(Records drawn from a dataset)
----

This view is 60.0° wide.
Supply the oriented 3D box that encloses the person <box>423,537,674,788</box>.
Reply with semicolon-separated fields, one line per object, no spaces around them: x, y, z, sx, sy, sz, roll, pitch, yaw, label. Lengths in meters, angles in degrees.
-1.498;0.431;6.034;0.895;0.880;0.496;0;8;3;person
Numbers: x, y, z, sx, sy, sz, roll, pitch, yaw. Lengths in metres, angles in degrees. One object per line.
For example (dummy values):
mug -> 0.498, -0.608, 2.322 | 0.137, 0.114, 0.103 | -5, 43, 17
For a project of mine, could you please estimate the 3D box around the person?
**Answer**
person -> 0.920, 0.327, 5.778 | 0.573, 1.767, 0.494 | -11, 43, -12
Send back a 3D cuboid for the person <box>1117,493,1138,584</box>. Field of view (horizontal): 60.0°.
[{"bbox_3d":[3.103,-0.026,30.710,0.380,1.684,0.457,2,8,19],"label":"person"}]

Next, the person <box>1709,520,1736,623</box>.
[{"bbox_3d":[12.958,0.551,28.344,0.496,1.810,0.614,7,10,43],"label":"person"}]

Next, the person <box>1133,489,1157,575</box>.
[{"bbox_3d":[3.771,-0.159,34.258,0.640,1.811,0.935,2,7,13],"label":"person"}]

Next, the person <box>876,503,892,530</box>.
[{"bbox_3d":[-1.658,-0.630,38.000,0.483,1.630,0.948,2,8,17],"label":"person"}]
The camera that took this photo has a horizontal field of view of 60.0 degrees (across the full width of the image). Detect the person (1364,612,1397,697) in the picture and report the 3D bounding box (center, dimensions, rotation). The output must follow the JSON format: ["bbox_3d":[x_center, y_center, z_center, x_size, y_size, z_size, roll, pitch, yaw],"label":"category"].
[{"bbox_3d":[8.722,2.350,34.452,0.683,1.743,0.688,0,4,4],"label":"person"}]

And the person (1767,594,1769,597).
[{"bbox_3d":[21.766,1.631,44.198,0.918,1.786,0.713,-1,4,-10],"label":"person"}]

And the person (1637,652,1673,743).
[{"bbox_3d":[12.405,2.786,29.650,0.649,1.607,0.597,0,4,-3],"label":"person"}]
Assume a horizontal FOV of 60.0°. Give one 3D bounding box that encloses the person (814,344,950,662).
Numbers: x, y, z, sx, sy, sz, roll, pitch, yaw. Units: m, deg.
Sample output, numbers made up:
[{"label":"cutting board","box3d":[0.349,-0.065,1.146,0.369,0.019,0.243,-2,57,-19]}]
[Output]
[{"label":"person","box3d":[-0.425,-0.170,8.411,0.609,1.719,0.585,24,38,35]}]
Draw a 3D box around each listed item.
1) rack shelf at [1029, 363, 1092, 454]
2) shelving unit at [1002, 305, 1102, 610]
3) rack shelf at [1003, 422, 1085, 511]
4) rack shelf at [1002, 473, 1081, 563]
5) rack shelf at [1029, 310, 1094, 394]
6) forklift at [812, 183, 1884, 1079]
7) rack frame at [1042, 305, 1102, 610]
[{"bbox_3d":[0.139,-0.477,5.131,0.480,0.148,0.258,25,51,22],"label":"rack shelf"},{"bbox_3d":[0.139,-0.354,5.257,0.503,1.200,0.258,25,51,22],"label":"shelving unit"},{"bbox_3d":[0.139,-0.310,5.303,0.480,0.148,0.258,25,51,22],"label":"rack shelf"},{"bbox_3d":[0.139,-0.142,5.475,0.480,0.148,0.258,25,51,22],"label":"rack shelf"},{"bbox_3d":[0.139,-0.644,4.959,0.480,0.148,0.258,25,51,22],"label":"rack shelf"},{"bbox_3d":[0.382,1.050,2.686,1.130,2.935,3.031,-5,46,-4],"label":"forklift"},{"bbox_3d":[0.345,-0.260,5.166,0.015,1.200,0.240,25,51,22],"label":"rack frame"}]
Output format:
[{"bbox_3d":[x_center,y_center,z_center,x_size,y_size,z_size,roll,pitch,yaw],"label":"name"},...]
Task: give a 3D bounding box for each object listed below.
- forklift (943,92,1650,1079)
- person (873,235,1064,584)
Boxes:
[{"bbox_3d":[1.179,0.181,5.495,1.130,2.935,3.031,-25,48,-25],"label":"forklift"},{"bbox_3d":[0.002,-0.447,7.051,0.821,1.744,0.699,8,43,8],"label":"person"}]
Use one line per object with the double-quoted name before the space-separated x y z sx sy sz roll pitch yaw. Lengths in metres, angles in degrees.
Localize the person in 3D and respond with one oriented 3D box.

----

Output the records above in their entirety, exactly.

This view is 60.0° wide.
Supply the oriented 3D box that encloses the person <box>423,537,674,788</box>.
Reply with semicolon-separated fields, one line per object, no spaces around them: x, y, z, sx, sy, sz, roll, pitch, yaw, label. Lengths in meters, angles in degrees.
-1.498;0.431;6.034;0.895;0.880;0.496;0;8;3;person
Numbers: x, y, z, sx, sy, sz, roll, pitch, yaw. Lengths in metres, angles in degrees. One object per line.
For example (dummy values):
mug -> 0.498, -0.608, 2.322 | 0.137, 0.114, 0.103 | -5, 43, 17
For a project of mine, could you please estimate the 3D box around the person?
**Answer**
person -> 0.920, 0.327, 5.778 | 0.573, 1.767, 0.494 | -11, 43, -12
Send back a 3D cuboid for the person <box>1117,493,1138,584</box>. Field of view (horizontal): 60.0°.
[{"bbox_3d":[3.103,-0.026,30.710,0.380,1.684,0.457,2,8,19],"label":"person"}]

Next, the person <box>1709,520,1736,623</box>.
[{"bbox_3d":[12.958,0.551,28.344,0.496,1.810,0.614,7,10,43],"label":"person"}]

Next, the person <box>1133,489,1157,575</box>.
[{"bbox_3d":[3.771,-0.159,34.258,0.640,1.811,0.935,2,7,13],"label":"person"}]

Next, the person <box>876,503,892,530</box>.
[{"bbox_3d":[-1.658,-0.630,38.000,0.483,1.630,0.948,2,8,17],"label":"person"}]
The camera that took this photo has a horizontal field of view of 60.0 degrees (across the full width of the image). Detect the person (1364,612,1397,697) in the picture and report the 3D bounding box (center, dimensions, rotation). The output must follow the JSON format: ["bbox_3d":[x_center, y_center, z_center, x_size, y_size, z_size, roll, pitch, yaw],"label":"category"].
[{"bbox_3d":[8.722,2.350,34.452,0.683,1.743,0.688,0,4,4],"label":"person"}]

And the person (1767,594,1769,597).
[{"bbox_3d":[21.766,1.631,44.198,0.918,1.786,0.713,-1,4,-10],"label":"person"}]

And the person (1637,652,1673,743).
[{"bbox_3d":[12.405,2.786,29.650,0.649,1.607,0.597,0,4,-3],"label":"person"}]
Assume a horizontal FOV of 60.0°. Give one 3D bounding box that encloses the person (814,344,950,662).
Numbers: x, y, z, sx, sy, sz, roll, pitch, yaw. Units: m, deg.
Sample output, numbers made up:
[{"label":"cutting board","box3d":[0.349,-0.065,1.146,0.369,0.019,0.243,-2,57,-19]}]
[Output]
[{"label":"person","box3d":[-0.425,-0.170,8.411,0.609,1.719,0.585,24,38,35]}]
Draw a 3D box around each listed item.
1) rack shelf at [1029, 363, 1092, 454]
2) shelving unit at [1002, 305, 1102, 610]
3) rack shelf at [1003, 422, 1085, 511]
4) rack shelf at [1002, 473, 1081, 563]
5) rack shelf at [1029, 310, 1094, 394]
6) forklift at [812, 183, 1884, 1079]
7) rack frame at [1042, 305, 1102, 610]
[{"bbox_3d":[0.139,-0.477,5.131,0.480,0.148,0.258,25,51,22],"label":"rack shelf"},{"bbox_3d":[0.139,-0.354,5.257,0.503,1.200,0.258,25,51,22],"label":"shelving unit"},{"bbox_3d":[0.139,-0.310,5.303,0.480,0.148,0.258,25,51,22],"label":"rack shelf"},{"bbox_3d":[0.139,-0.142,5.475,0.480,0.148,0.258,25,51,22],"label":"rack shelf"},{"bbox_3d":[0.139,-0.644,4.959,0.480,0.148,0.258,25,51,22],"label":"rack shelf"},{"bbox_3d":[0.382,1.050,2.686,1.130,2.935,3.031,-5,46,-4],"label":"forklift"},{"bbox_3d":[0.345,-0.260,5.166,0.015,1.200,0.240,25,51,22],"label":"rack frame"}]
Output format:
[{"bbox_3d":[x_center,y_center,z_center,x_size,y_size,z_size,roll,pitch,yaw],"label":"name"},...]
Task: give a 3D bounding box for each object listed below.
- forklift (943,92,1650,1079)
- person (873,235,1064,584)
Boxes:
[{"bbox_3d":[1.179,0.181,5.495,1.130,2.935,3.031,-25,48,-25],"label":"forklift"},{"bbox_3d":[0.002,-0.447,7.051,0.821,1.744,0.699,8,43,8],"label":"person"}]
Use one line per object with the double-quoted name before the space-separated x y z sx sy sz roll pitch yaw. Lengths in metres, angles in degrees.
Localize the person in 3D and respond with one oriented 3D box.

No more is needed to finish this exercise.